Cette extension a engendré une modification des pratiques psychanalytiques suscitant un débat sur l'analysabilité de ces patients et les limites à respecter dans les aménagements du dispositif analytique ainsi que sur les indications de traitement. Des modifications dans la théorie psychanalytique vont répondre aux modifications de la pratique psychanalytique. Aménagements théoriques et aménagements du cadre des pratiques thérapeutiques vont se soutenir ou s'opposer suscitant un débat important auprès des analystes essentiellement de langue anglaise.

Au lendemain de la deuxième guerre mondiale, la Société Britannique de Psychanalyse a été un foyer particulièrement fécond dans la relance des travaux psychanalytiques concernant les psychoses. En 1946, M. Klein publie un article sur les "mécanismes schizoïdes" 190 qui jette les bases d'une compréhension spécifique des angoisses psychotiques à partir de sa théorisation des angoisses infantiles et introduit dans la théorie le concept d'identification projective. L'année suivante H.A. Rosenfeld 191 rédige un texte relatant une analyse d'un état schizophrénique qui constitue une application directe des idées de M. Klein. La même année Winnicott apporte une contribution importante et originale à la réflexion sur les mouvements transféro-contre-transférentiels avec son article sur la "haine dans le contre-transfert" 192 , puis, en 1948 dans "Pédiatrie et psychiatrie" 193 , il apporte sa contribution à l'articulation entre les soins du nourrisson et la psychiatrie "ordinaire" des adultes. Dans ce chapitre, nous retiendrons également les contributions de M. Balint et de W.R. Bion, membres eux aussi de la Société Britannique de Psychanalyse, ainsi que les travaux d'H. Searles qui, bien qu'exerçant aux États-Unis, a beaucoup contribué aux débats qui ont animé la Société Britannique de Psychanalyse.

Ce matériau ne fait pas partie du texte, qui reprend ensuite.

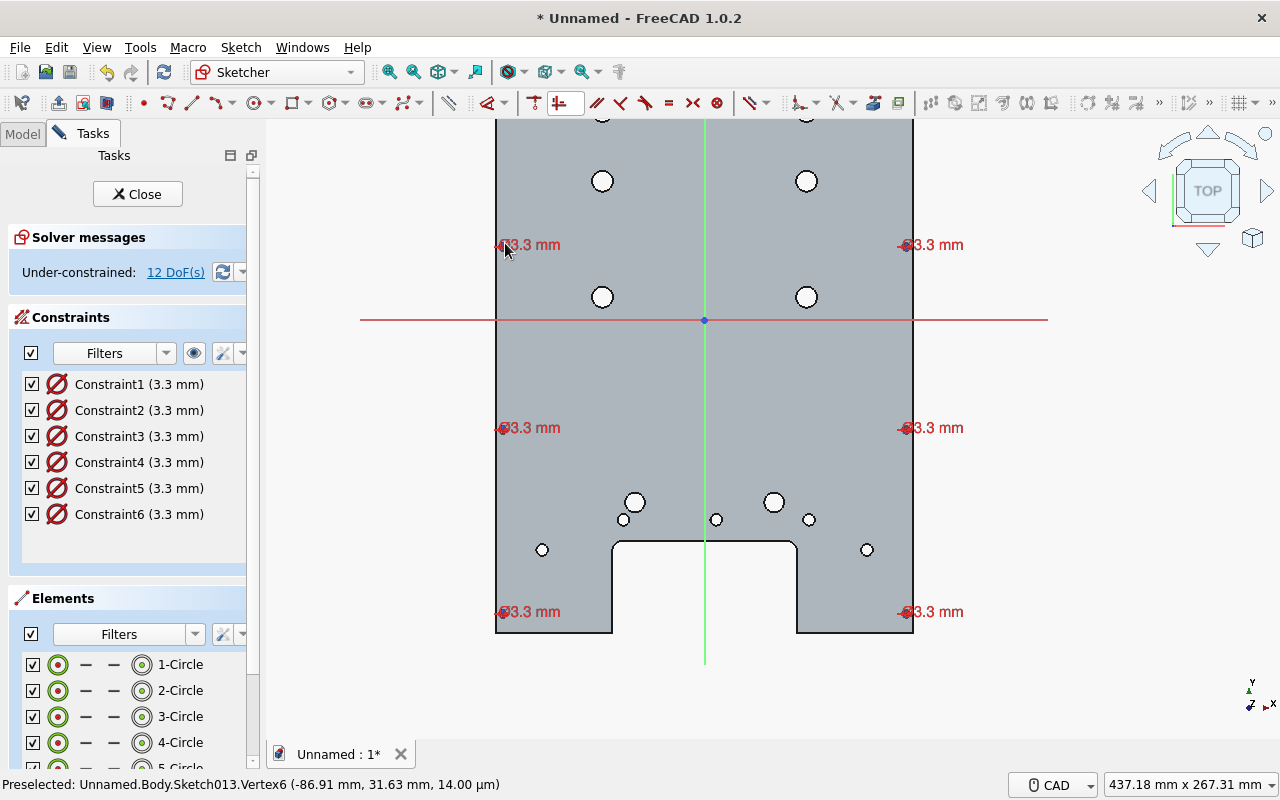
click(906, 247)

Dans cette mise en perspective historique de la théorisation du transfert et des relations d'objet dans les problématiques psychotiques, nous ferons aussi référence à des travaux et des expériences plus radicales en ce qui concerne les aménagements de la pratique psychanalytique ou les transformations du corpus théorique légué par S. Freud. J.N. Rosen, aux États-Unis, avec "l'analyse directe" et de M. Sechehaye, en Suisse, avec "la communication symbolique", proposent des modifications importantes de la pratique analytique en appliquant directement certains concepts issus de la métapsychologie. La tentative de réduction de l'écart théorico-clinique dans le traitement des psychoses suscite des créations originales, mais qui resteront des expériences-limites en marge du mouvement psychanalytique général. Nous réservons l'étude des travaux de G. Pankow, en France, sur la "structuration dynamique de l'image du corps", pour un chapitre sur les contenants de pensée, car ces conceptions apportent un éclairage sur les modèles actuels de compréhension des problématiques psychotiques. Mais l'originalité de sa pratique et la période à laquelle elle a développé sa clinique pourrait la faire entrer dans ce chapitre concernant les "pionniers" du traitement psychanalytique des problématiques psychotiques. Enfin, nous ferons aussi référence aux travaux de W.R.D. Fairbairn, psychanalyste écossais membre de la Société Britannique de Psychanalyse, qui représente une tentative de transformation de la psychanalyse en rupture avec la métapsychologie freudienne sous l'impact des travaux concernant la psychose.

Dans le sillage des travaux sur le transfert, toute une réflexion sur "l'objet" en psychanalyse va remettre en question profondément le dogme de l'anobjectalité psychotique. Après avoir aiguillonné la théorisation du narcissisme, les travaux sur la psychose et son traitement vont induire une théorisation sur "la relation d'objet" au sein des différentes organisations psychiques et les affects qui s'y échangent.

Notes
190.

KLEIN M., 1946, "Notes sur quelques mécanismes schizoïdes", in Développements de la psychanalyse, PUF, 1966.

191.

ROSENFELD H.A., 1947, "Analyse d'un état schizophrénique accompagné de dépersonnalisation", in États psychotiques, PUF, 1976.

192.

WINNICOTT D.W., 1947, "La haine dans le contre-transfert", in De la pédiatrie à la psychanalyse, Payot, 1969.

193.

WINNICOTT D.W., 1948, "Pédiatrie et psychanalyse", in De la pédiatrie à la psychanalyse, Payot, 1969.